• [TASK DIRECTIONS]: Omit each picture as you copy the entries exactly.

• [SUPPLIED MATERIAL]:
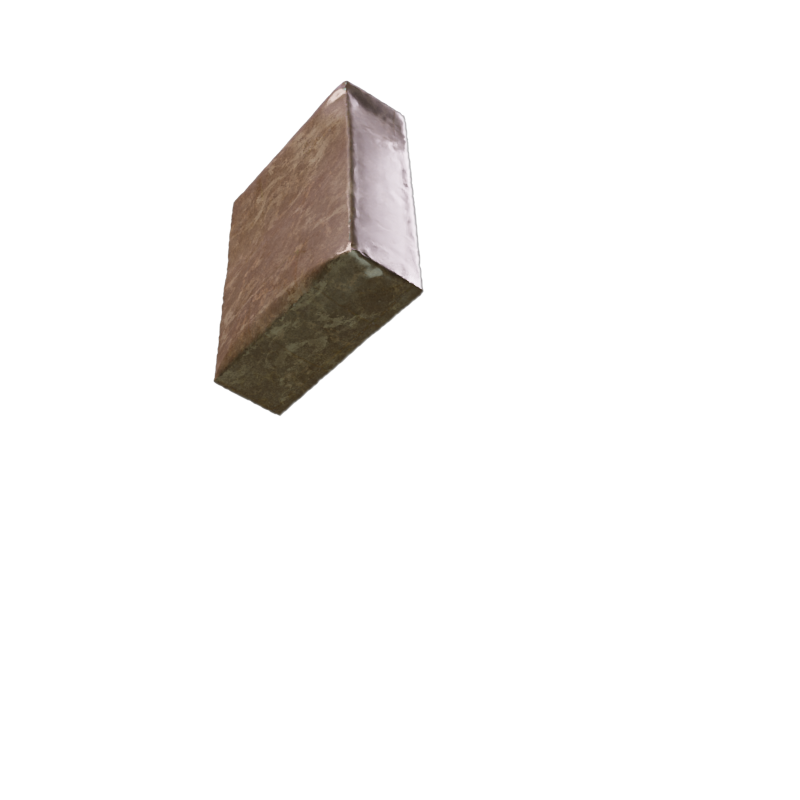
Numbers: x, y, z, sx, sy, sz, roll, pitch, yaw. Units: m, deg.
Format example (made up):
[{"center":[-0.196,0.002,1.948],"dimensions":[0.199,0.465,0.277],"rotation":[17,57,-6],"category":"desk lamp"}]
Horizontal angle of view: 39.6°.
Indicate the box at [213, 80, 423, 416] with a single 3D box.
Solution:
[{"center":[-0.067,-0.122,0.852],"dimensions":[0.068,0.230,0.161],"rotation":[30,-54,-29],"category":"box"}]
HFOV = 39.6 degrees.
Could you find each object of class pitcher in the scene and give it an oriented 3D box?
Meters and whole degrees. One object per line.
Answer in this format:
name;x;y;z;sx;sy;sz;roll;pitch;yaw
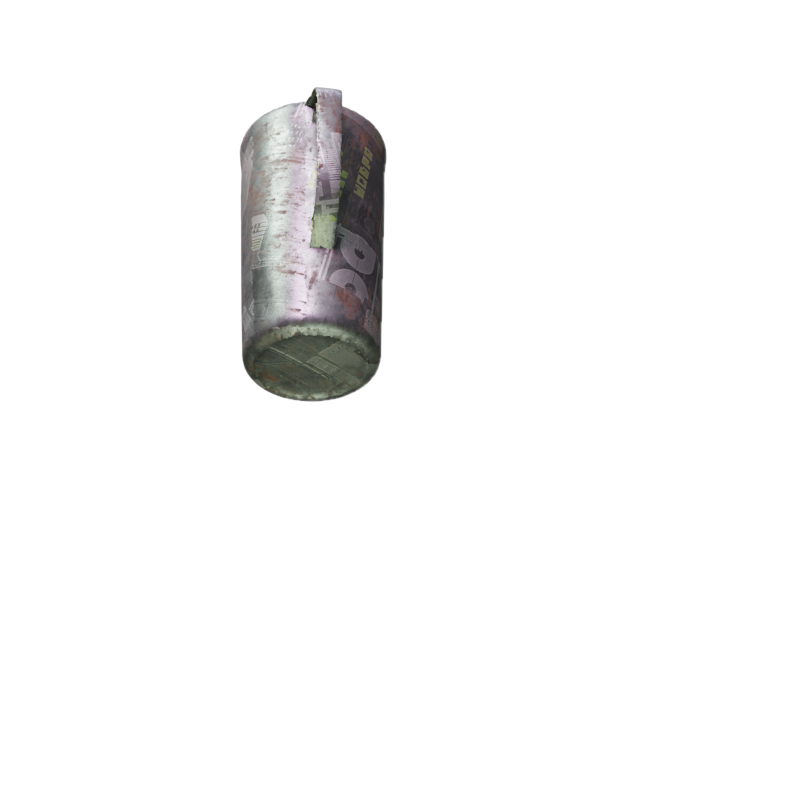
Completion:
pitcher;-0.072;-0.132;0.923;0.145;0.261;0.138;-24;-43;25
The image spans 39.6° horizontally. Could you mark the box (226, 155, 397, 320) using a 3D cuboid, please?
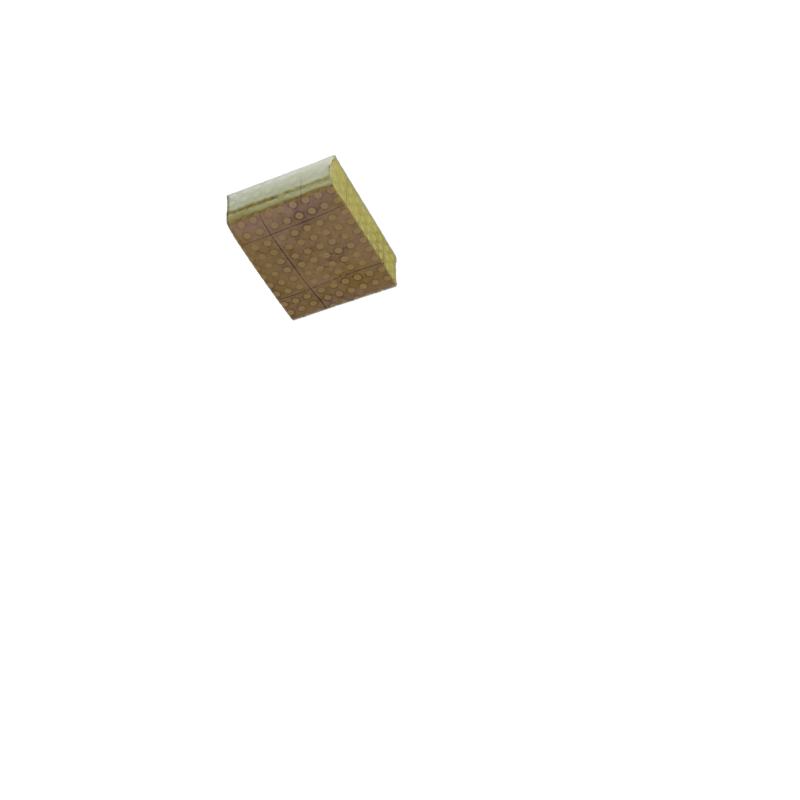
[{"bbox_3d":[-0.064,-0.117,0.819,0.090,0.042,0.105,-18,-46,18],"label":"box"}]
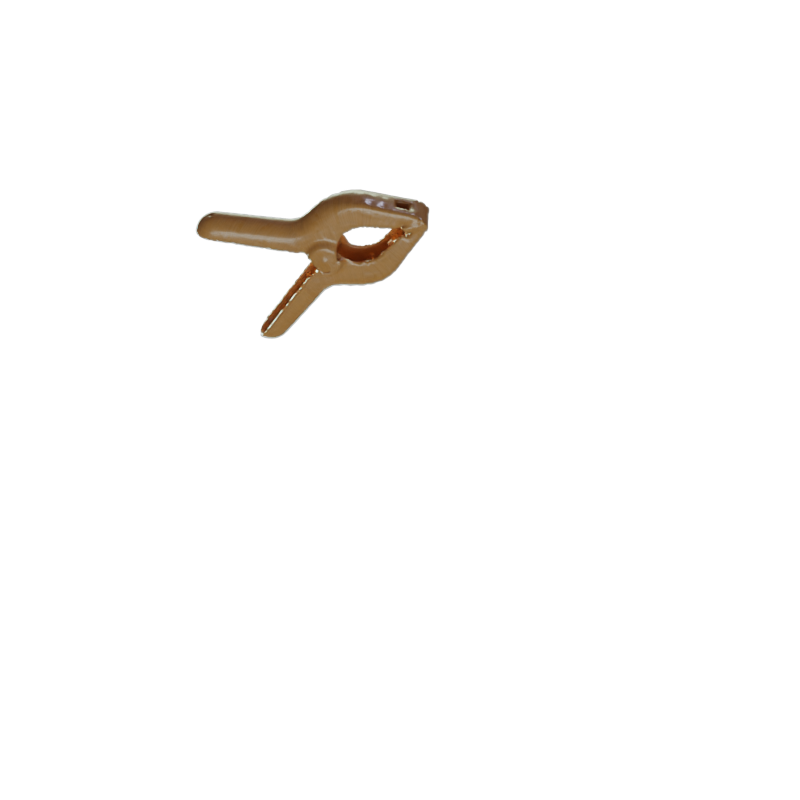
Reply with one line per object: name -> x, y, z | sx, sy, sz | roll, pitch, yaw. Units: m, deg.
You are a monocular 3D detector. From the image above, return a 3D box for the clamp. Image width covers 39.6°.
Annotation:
clamp -> -0.065, -0.119, 0.831 | 0.172, 0.042, 0.112 | -26, -53, 21

• [SOLVED PROBLEM]:
Numbers: x, y, z, sx, sy, sz, roll, pitch, yaw. Units: m, deg.
Format example (made up):
[{"center":[-0.196,0.002,1.948],"dimensions":[0.199,0.465,0.277],"rotation":[17,57,-6],"category":"desk lamp"}]
Horizontal angle of view: 39.6°.
Indicate the box at [213, 80, 423, 416] with a single 3D box.
Solution:
[{"center":[-0.067,-0.122,0.852],"dimensions":[0.068,0.230,0.161],"rotation":[30,-54,-29],"category":"box"}]
HFOV = 39.6 degrees.
Could you find each object of class pitcher in the scene and give it an oriented 3D box?
Meters and whole degrees. One object per line.
Answer in this format:
name;x;y;z;sx;sy;sz;roll;pitch;yaw
Completion:
pitcher;-0.072;-0.132;0.923;0.145;0.261;0.138;-24;-43;25
The image spans 39.6° horizontally. Could you mark the box (226, 155, 397, 320) using a 3D cuboid, please?
[{"bbox_3d":[-0.064,-0.117,0.819,0.090,0.042,0.105,-18,-46,18],"label":"box"}]
Reply with one line per object: name -> x, y, z | sx, sy, sz | roll, pitch, yaw. Units: m, deg.
You are a monocular 3D detector. From the image above, return a 3D box for the clamp. Image width covers 39.6°.
Annotation:
clamp -> -0.065, -0.119, 0.831 | 0.172, 0.042, 0.112 | -26, -53, 21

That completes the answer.